Shear bond strength of lithium-disilicate and leucite-reinforced veneers

Objectives: This research measured shear bond strength (MPa) and assessed the mode of fracture of lithium disilicate (IPS e.max®) and leucite-reinforced (IPS Empress®) veneers bonded to enamel.
Methods: Twenty-two freshly extracted human molar teeth providing a minimum 6.0mm circumferential enamel for bonding veneer specimens were mounted in epoxy resin and finished flat using wet 600-grit SiC paper. Two groups (n=11) of circular veneer specimens (5.0mm x 0.75mm) were fabricated using IPS e.max® (A) and IPS Empress® (B). The veneer specimens were prepared according to manufacturer instructions and bonded to the etched tooth enamel surfaces using dual-cure resin composite cement. All specimens were thermo-cycled between 5degC and 55degC for 2500 cycles using a 30 second dwell time. Shear bond strengths were determined on an Instron® at a cross-head speed of 1.0mm/minute. Mode of fracture was assessed by visual inspection at 20X magnification of the tooth and veneer specimen.

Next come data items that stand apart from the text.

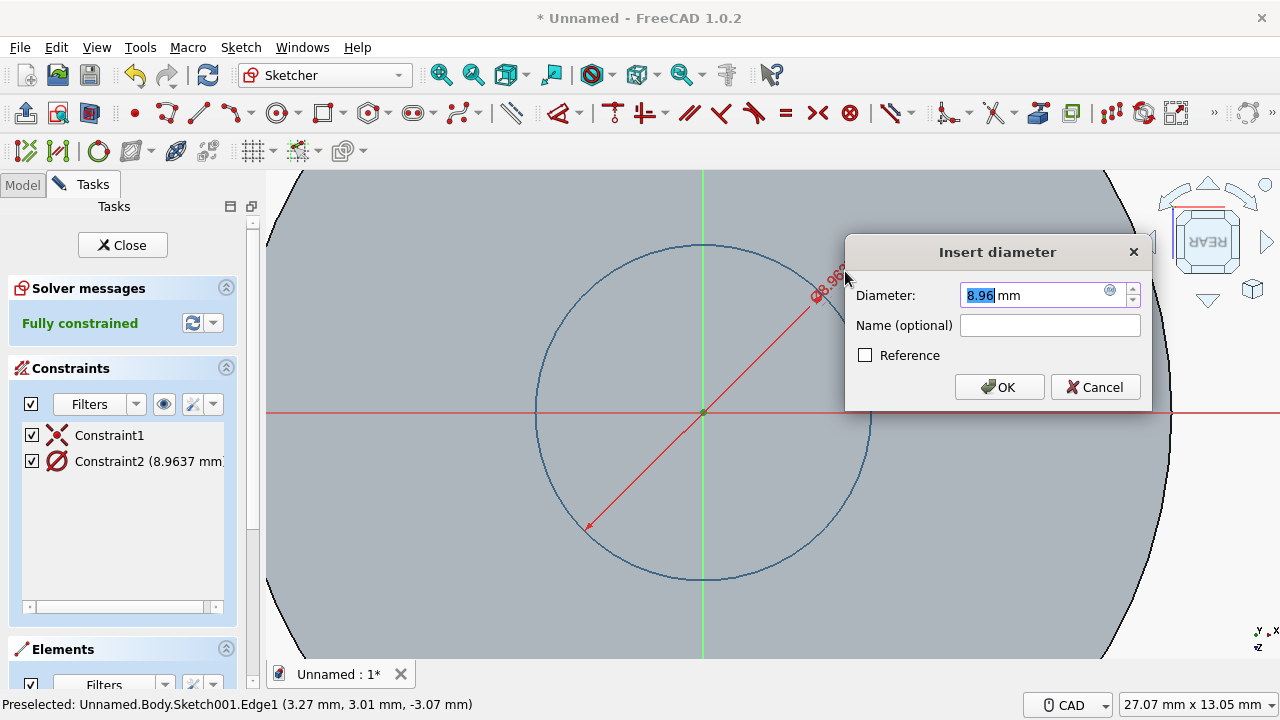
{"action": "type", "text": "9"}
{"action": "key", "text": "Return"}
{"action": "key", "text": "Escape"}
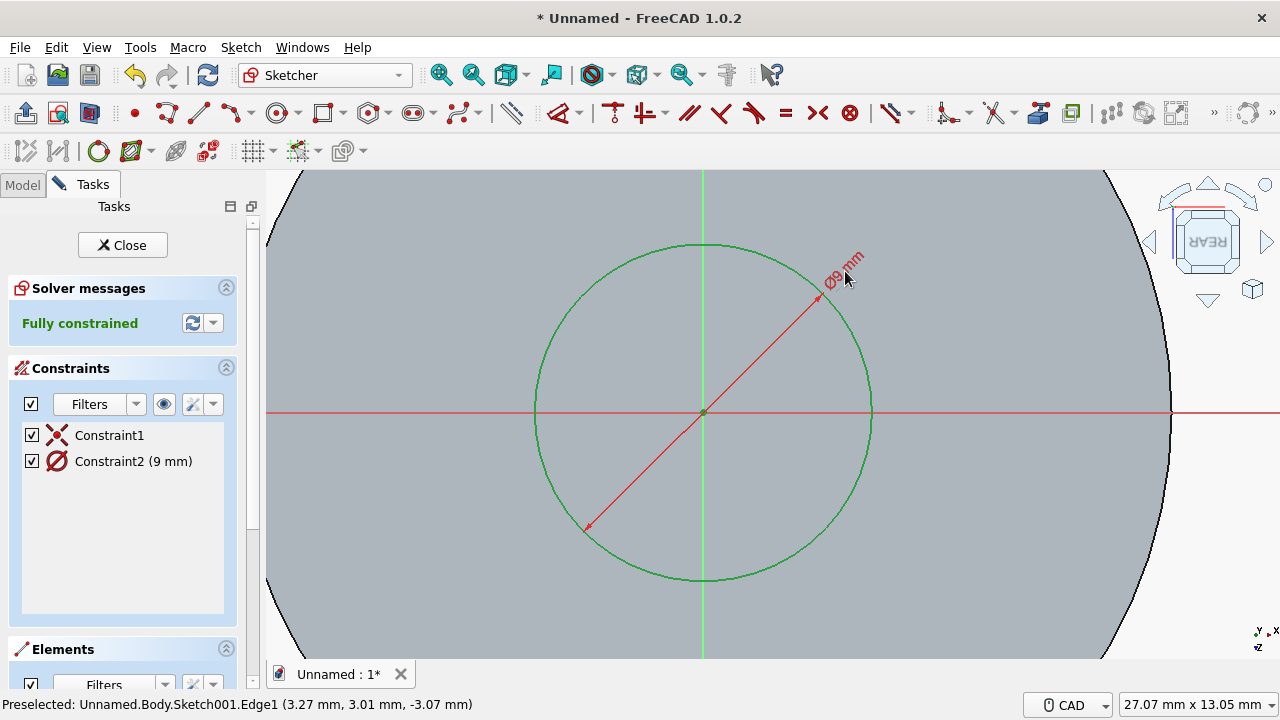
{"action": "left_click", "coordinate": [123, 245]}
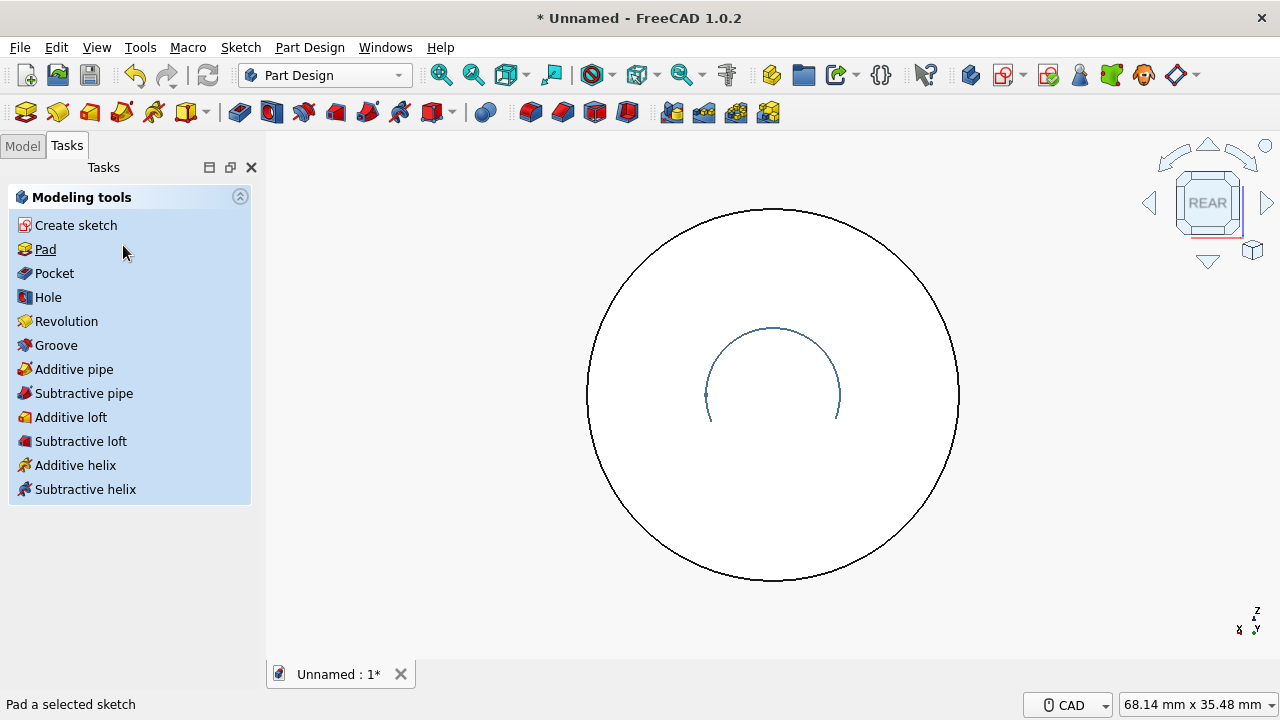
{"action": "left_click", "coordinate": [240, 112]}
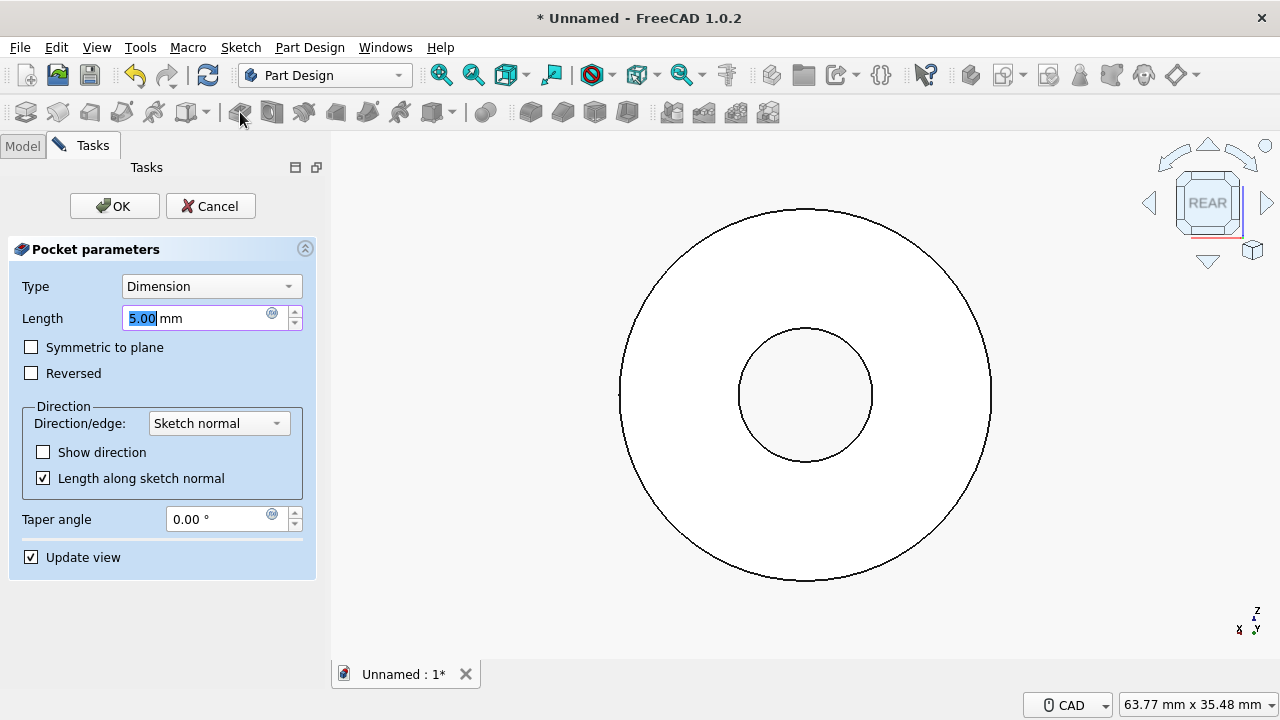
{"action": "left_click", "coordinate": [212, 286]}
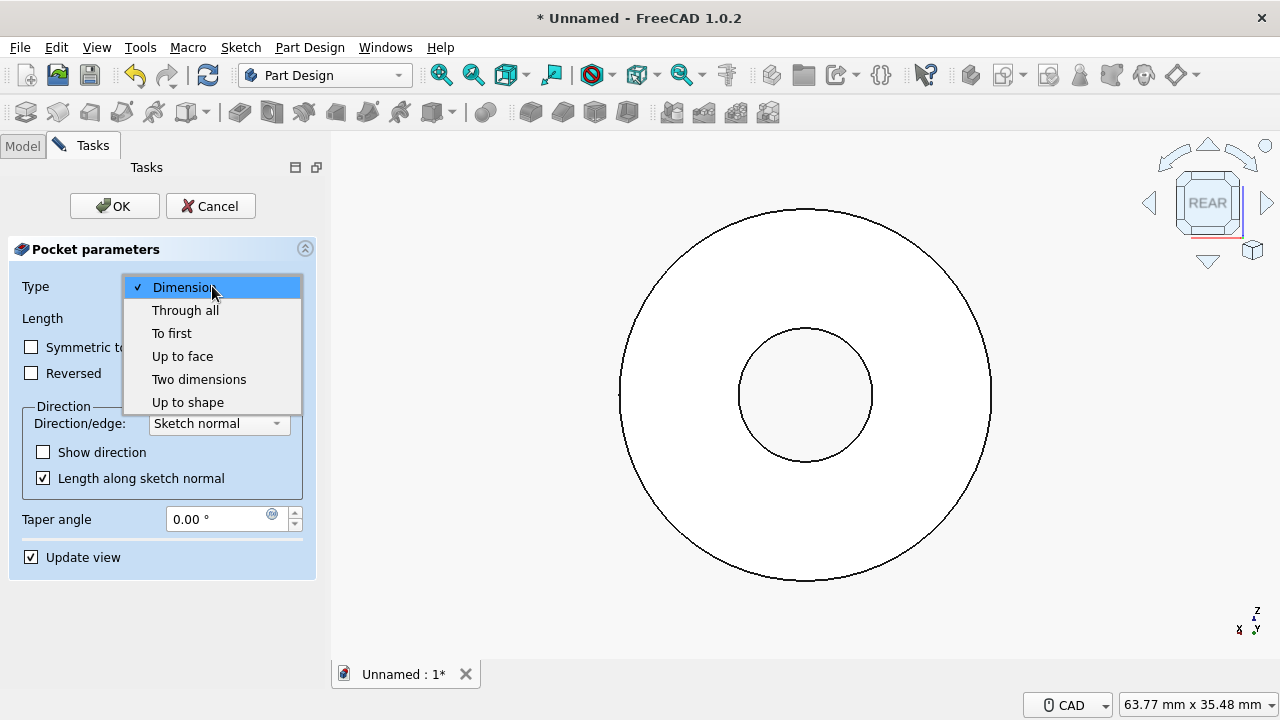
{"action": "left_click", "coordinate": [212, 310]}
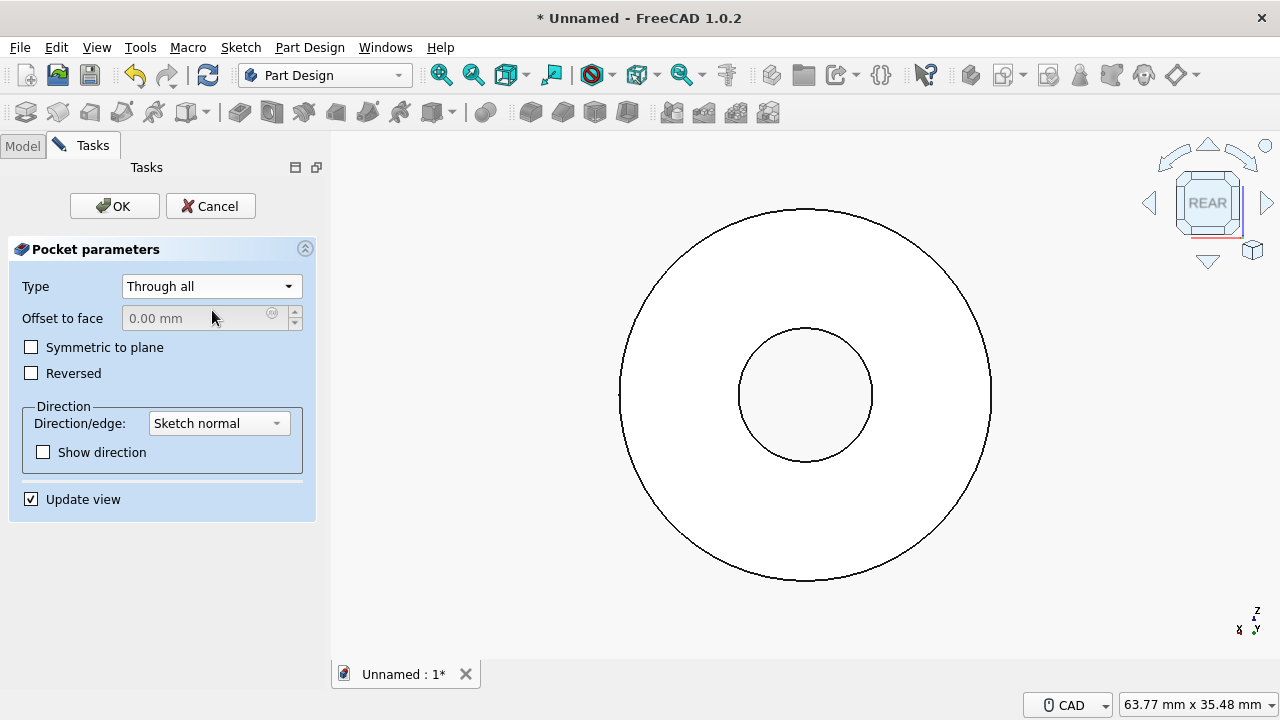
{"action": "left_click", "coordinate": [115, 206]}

Results: Mean shear bond strength (MPa) for the veneer groups were: A=10.79±2.86 and B=15.07±3.01. One-way ANOVA revealed that groups A and B were significantly different (p≤0.01). A higher percentage of adhesive fracture was observed for group A (82%) compared to group B (45%). Complete adhesive failure occurred at the veneer/cement interface 89% of the time for Group A and 20% of the time for Group B. Group B had a higher incidence (55%) of combined adhesive/cohesive fracture than Group A (18%).
Conclusions: Shear bond strengths of leucite-reinforced veneers (B) bonded to enamel were significantly (p≤0.01) higher than lithium disilicate veneers (A). While a higher percentage of complete adhesive fracture was observed with Group A, Group B had a higher incidence of combined adhesive/cohesive failure. The lower SBS of Group A and higher incidence of veneer/cement interface failure suggests that surface conditioning with hydrofluoric acid of lithium disilicate may be less than desirable for effective bonding.